We are in the middle of a heat wave here in Appalachia (and in much of the rest of the country). Summer was my favorite season as a kid, but these days my melting point has significantly decreased. I feel sapped by early afternoon and cannot handle spicy foods right now. Yet with the first day of summer just around the corner on June 21st, I am itching to celebrate! You may already know that solstices and equinoxes are widely honored turns of season the world-over, and that summer solstice is an opportunity to connect with the sun's vibrant, active, creative energy. So here I've collated some possibilities for my personal festivities and hope you find a little inspiration, too.
Warm up your Yoga practice
Surya namaskaram (sun salutations) are an easy go-to if you have a regular āsana practice. There's no need to go wild and do 108 of them; do just enough rounds to bring a feeling of warmth or vitality into your body, without getting out of breath. Bonus points if you can wake up early enough to practice with the sunrise!
The Gayatri Mantra is a beautifully invocatory chant that essentially calls for illumination through divine grace. It is associated with the sun, which shines light on our physical world, and thus it is usually chanted in the morning. Countless recordings are available on Spotify and YouTube if you want to learn this special chant.
Surya bhedana ("piercing the sun") is an alternate-nostril prāṇāyāma practice that creates a heating effect. It involves inhaling through the right nostril and exhaling through the left. I encourage you to learn from your teacher or mentor before attempting on your own.
Play with fire
One of the longest-standing traditions of summer solstice is a night-long bonfire, complete with singing and dancing until dawn. (If you're like me and can't stay awake past 10 pm, continue to the next points.)
Light a candle - or several - at sunset and allow the flame to burn until bedtime. Use your journal or sketchbook for reflection, and when you finish make a wish before blowing out the candle.
Heat up your oven and bake a sweet treat - this recipe for cardamom tea cookies should do the trick!
Call a friend and try a new activity together - maybe there's a natural spring nearby you've been wanting to dip in, or a ropes course that would challenge your fear of heights. Maybe you've always secretly wanted to go horseback riding or to try your hand at archery. Do something that takes you out of your element...and into the elements!
Volunteer for a hiking trail maintenance crew, help a neighbor with yard work, or simply pick up the litter you encounter near home or work.
Bring the outdoors in with a bundle of wildflowers or a fresh bouquet from your local florist.
Eat local, in-season foods
Whether purchased, foraged, or plucked from your garden, gather a variety of the fruits, veggies, and herbs growing in your area right now (and put down the imported avocados for a week). As you transform the produce into a meal, give thanks to the sun, earth, water, animals, and other people that helped transform so many seeds into this delicious harvest on your plate.
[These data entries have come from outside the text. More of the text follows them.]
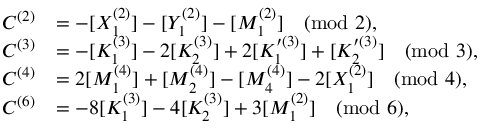Convert formula to latex. <formula><loc_0><loc_0><loc_500><loc_500>\begin{array} { r l } { C ^ { ( 2 ) } } & { = - [ X _ { 1 } ^ { ( 2 ) } ] - [ Y _ { 1 } ^ { ( 2 ) } ] - [ M _ { 1 } ^ { ( 2 ) } ] \pmod { 2 } , } \\ { C ^ { ( 3 ) } } & { = - [ K _ { 1 } ^ { ( 3 ) } ] - 2 [ K _ { 2 } ^ { ( 3 ) } ] + 2 [ K _ { 1 } ^ { \prime ( 3 ) } ] + [ K _ { 2 } ^ { \prime ( 3 ) } ] \pmod { 3 } , } \\ { C ^ { ( 4 ) } } & { = 2 [ M _ { 1 } ^ { ( 4 ) } ] + [ M _ { 2 } ^ { ( 4 ) } ] - [ M _ { 4 } ^ { ( 4 ) } ] - 2 [ X _ { 1 } ^ { ( 2 ) } ] \pmod { 4 } , } \\ { C ^ { ( 6 ) } } & { = - 8 [ K _ { 1 } ^ { ( 3 ) } ] - 4 [ K _ { 2 } ^ { ( 3 ) } ] + 3 [ M _ { 1 } ^ { ( 2 ) } ] \pmod { 6 } , } \end{array}</formula> 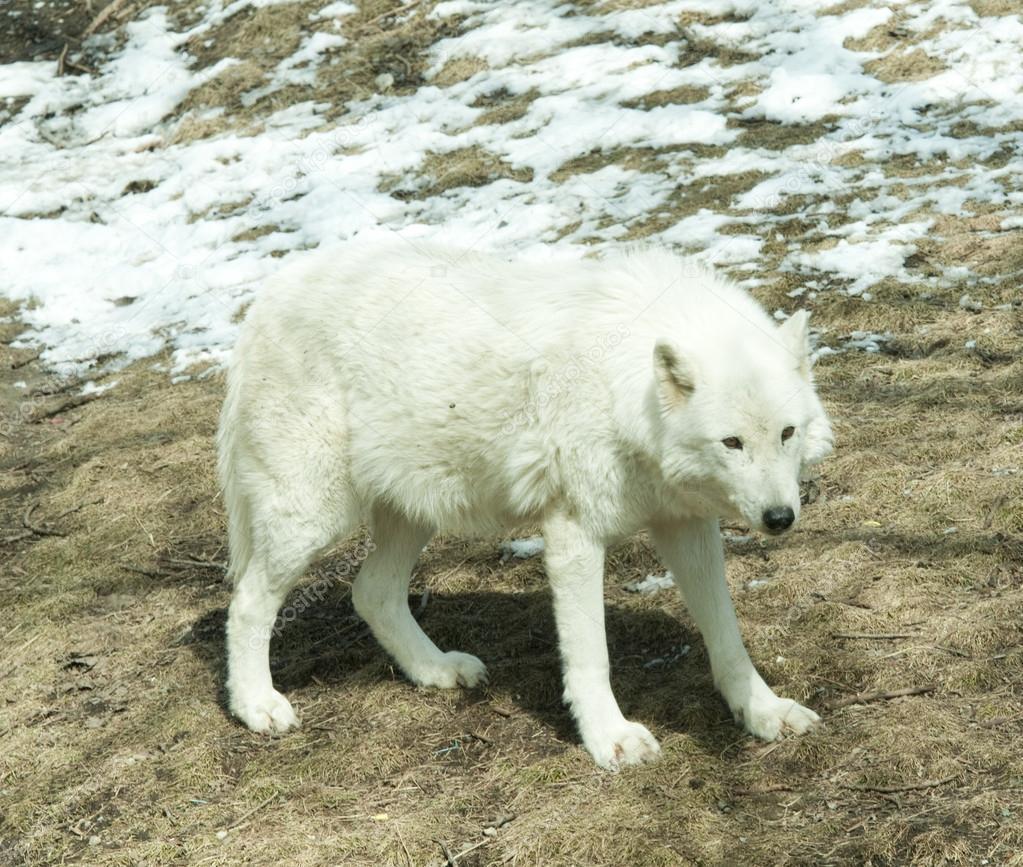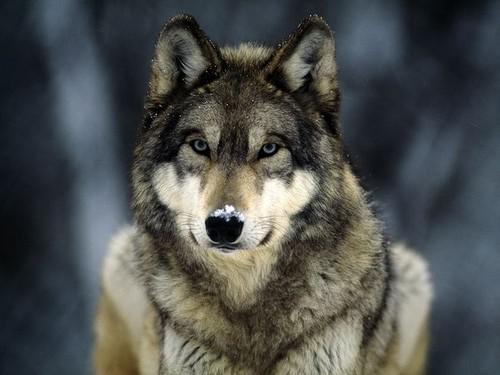The first image is the image on the left, the second image is the image on the right. Considering the images on both sides, is "There is a fence behind the animal in the image on the left." valid? Answer yes or no. No. The first image is the image on the left, the second image is the image on the right. Evaluate the accuracy of this statement regarding the images: "In the left image, wire fence is visible behind the wolf.". Is it true? Answer yes or no. No. 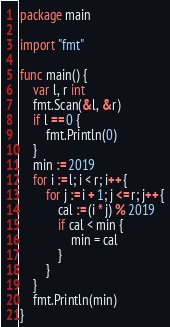<code> <loc_0><loc_0><loc_500><loc_500><_Go_>package main

import "fmt"

func main() {
	var l, r int
	fmt.Scan(&l, &r)
	if l == 0 {
		fmt.Println(0)
	}
	min := 2019
	for i := l; i < r; i++ {
		for j := i + 1; j <= r; j++ {
			cal := (i * j) % 2019
			if cal < min {
				min = cal
			}
		}
	}
	fmt.Println(min)
}
</code> 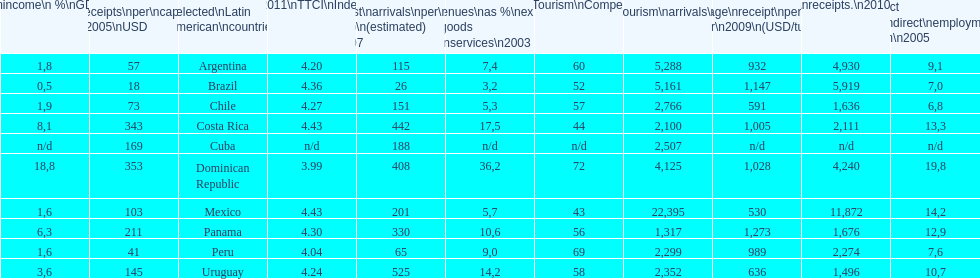What country had the least arrivals per 1000 inhabitants in 2007(estimated)? Brazil. 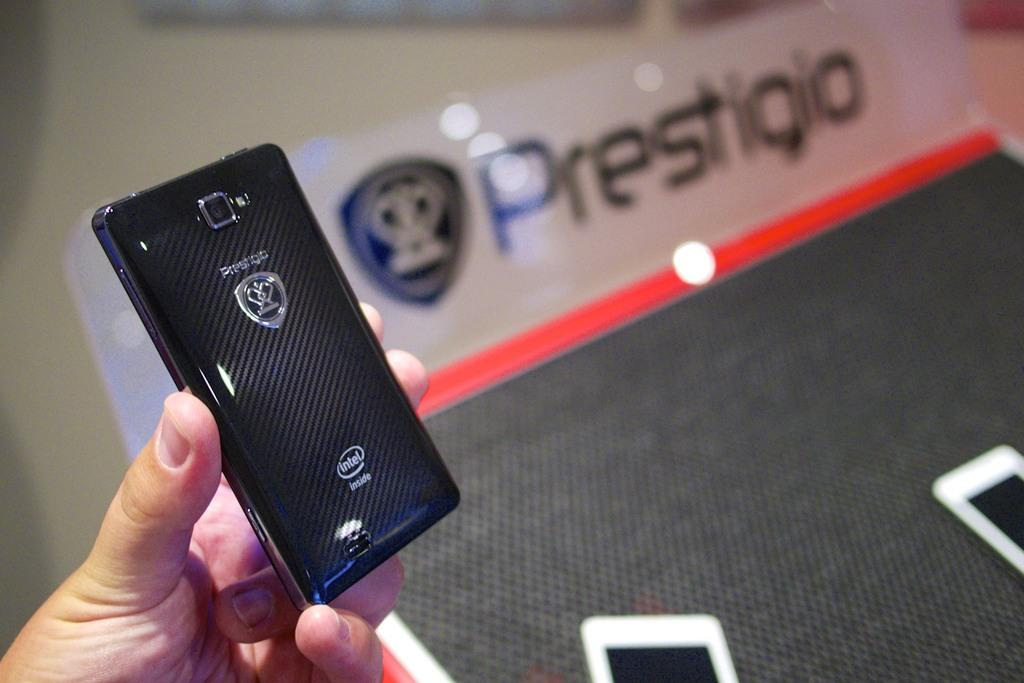<image>
Give a short and clear explanation of the subsequent image. A black electronic device bears the name Prestigio.

Mindfully prepare a simple salad drizzled with fancy raspberry vinaigrette dressing.
Slowly enjoy a seasonal fruit: closely observe the colors, fragrance, and texture in your hands. Take a bite and taste the burst of flavors dancing across your tongue. Close your eyes to savor the sweetness that lingers after.
Everything in moderation
The sun illuminates us...and it can also burn. It warms us...and it can also overheat. Interestingly, summer is the season when digestion is most vulnerable to imbalance, and Ayurvedic principles caution that "when the sun outside is strong, the sun inside is weak." Engage in a balanced celebration of our precious star by properly hydrating; consuming light, cooling foods (think almonds, cucumber, fennel, melons, and parsley); and avoiding heavily spiced, fermented, salty, or oily/fried foods.
Honestly, it looks like I'm going to be eating my way through this year's summer solstice...! What about you? How are you hoping to celebrate the first days of summer?